**Records from a data source:**
=-=-=-=-=
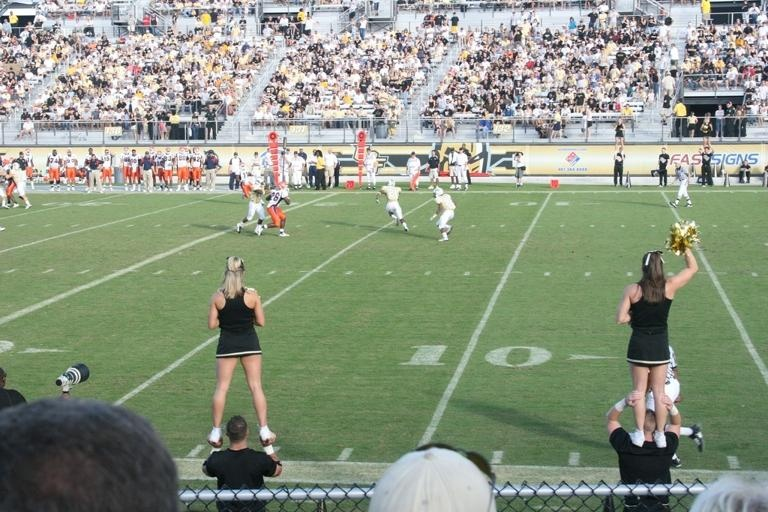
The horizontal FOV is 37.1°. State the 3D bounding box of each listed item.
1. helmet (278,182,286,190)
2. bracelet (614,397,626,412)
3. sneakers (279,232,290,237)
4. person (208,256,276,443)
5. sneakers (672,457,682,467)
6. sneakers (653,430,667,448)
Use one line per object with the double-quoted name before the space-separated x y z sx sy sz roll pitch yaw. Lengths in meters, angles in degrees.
=-=-=-=-=
**Exercise objective:**
Search the entries for the word "sneakers" and copy every line that has it.

**Response area:**
3. sneakers (279,232,290,237)
5. sneakers (672,457,682,467)
6. sneakers (653,430,667,448)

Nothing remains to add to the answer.